[Excerpts from a dataset]
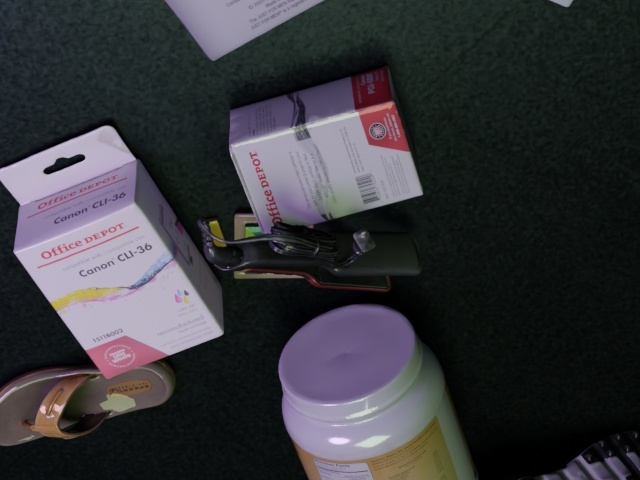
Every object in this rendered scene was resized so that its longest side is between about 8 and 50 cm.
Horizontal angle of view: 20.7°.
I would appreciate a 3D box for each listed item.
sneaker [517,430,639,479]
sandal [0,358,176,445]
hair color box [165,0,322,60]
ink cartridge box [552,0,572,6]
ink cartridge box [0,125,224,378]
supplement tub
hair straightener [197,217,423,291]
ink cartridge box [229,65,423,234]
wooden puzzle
[{"bbox_3d":[0.254,0.251,1.641,0.234,0.078,0.106,-18,138,-17],"label":"sneaker"},{"bbox_3d":[-0.216,0.148,1.554,0.180,0.049,0.072,-13,128,5],"label":"sandal"},{"bbox_3d":[-0.097,-0.320,1.161,0.185,0.114,0.374,-27,126,15],"label":"hair color box"},{"bbox_3d":[0.164,-0.274,1.244,0.127,0.072,0.175,20,124,-18],"label":"ink cartridge box"},{"bbox_3d":[-0.174,0.011,1.440,0.115,0.067,0.198,-22,126,13],"label":"ink cartridge box"},{"bbox_3d":[0.050,0.168,1.533,0.144,0.144,0.200,-15,127,7],"label":"supplement tub"},{"bbox_3d":[0.000,0.000,1.396,0.230,0.047,0.089,11,151,-42],"label":"hair straightener"},{"bbox_3d":[0.004,-0.071,1.398,0.135,0.056,0.099,-14,128,7],"label":"ink cartridge box"},{"bbox_3d":[-0.041,0.006,1.482,0.116,0.014,0.079,-6,128,-1],"label":"wooden puzzle"}]
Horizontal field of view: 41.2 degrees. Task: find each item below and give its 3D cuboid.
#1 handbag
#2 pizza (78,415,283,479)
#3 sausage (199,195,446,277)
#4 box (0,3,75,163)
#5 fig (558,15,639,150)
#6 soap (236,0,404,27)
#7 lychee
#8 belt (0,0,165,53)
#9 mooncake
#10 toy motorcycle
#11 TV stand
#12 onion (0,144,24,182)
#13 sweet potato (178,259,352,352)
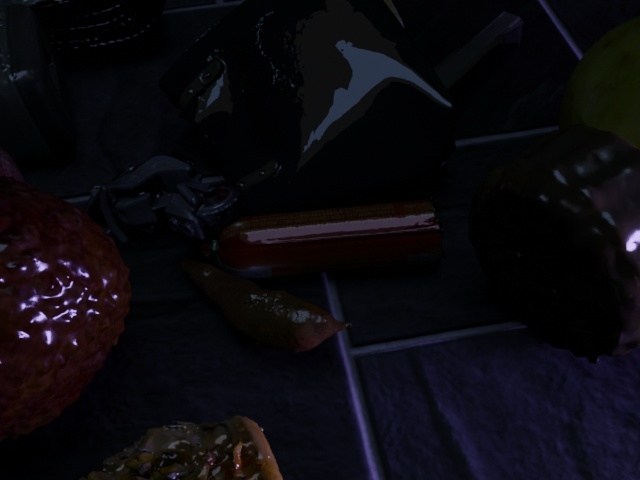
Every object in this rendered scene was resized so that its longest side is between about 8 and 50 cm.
[{"bbox_3d":[-0.022,-0.167,1.034,0.288,0.152,0.342,-28,64,-4],"label":"handbag"},{"bbox_3d":[-0.137,0.216,0.734,0.226,0.069,0.147,-1,48,2],"label":"pizza"},{"bbox_3d":[0.000,0.000,0.929,0.264,0.083,0.083,-5,46,-1],"label":"sausage"},{"bbox_3d":[-0.403,-0.196,1.097,0.129,0.148,0.210,-20,46,-4],"label":"box"},{"bbox_3d":[0.387,-0.138,0.924,0.258,0.258,0.326,3,34,6],"label":"fig"},{"bbox_3d":[-0.024,-0.293,1.212,0.257,0.080,0.160,-11,47,-8],"label":"soap"},{"bbox_3d":[-0.310,0.062,0.780,0.260,0.260,0.260,-2,46,2],"label":"lychee"},{"bbox_3d":[-0.362,-0.357,1.206,0.289,0.184,0.164,-11,29,-7],"label":"belt"},{"bbox_3d":[0.246,0.007,0.811,0.124,0.228,0.228,-33,52,-16],"label":"mooncake"},{"bbox_3d":[-0.187,-0.045,0.964,0.215,0.080,0.122,17,46,42],"label":"toy motorcycle"},{"bbox_3d":[0.196,-0.233,1.163,0.040,0.049,0.256,29,53,26],"label":"TV stand"},{"bbox_3d":[-0.399,-0.023,0.939,0.159,0.159,0.195,-19,78,-15],"label":"onion"},{"bbox_3d":[-0.075,0.071,0.877,0.226,0.068,0.068,19,49,31],"label":"sweet potato"}]

What to do
Look above for the line holding "#8 belt (0,0,165,53)". Print it and every line after it, exactly, through the line holding "#13 sweet potato (178,259,352,352)".

Problem solution
#8 belt (0,0,165,53)
#9 mooncake
#10 toy motorcycle
#11 TV stand
#12 onion (0,144,24,182)
#13 sweet potato (178,259,352,352)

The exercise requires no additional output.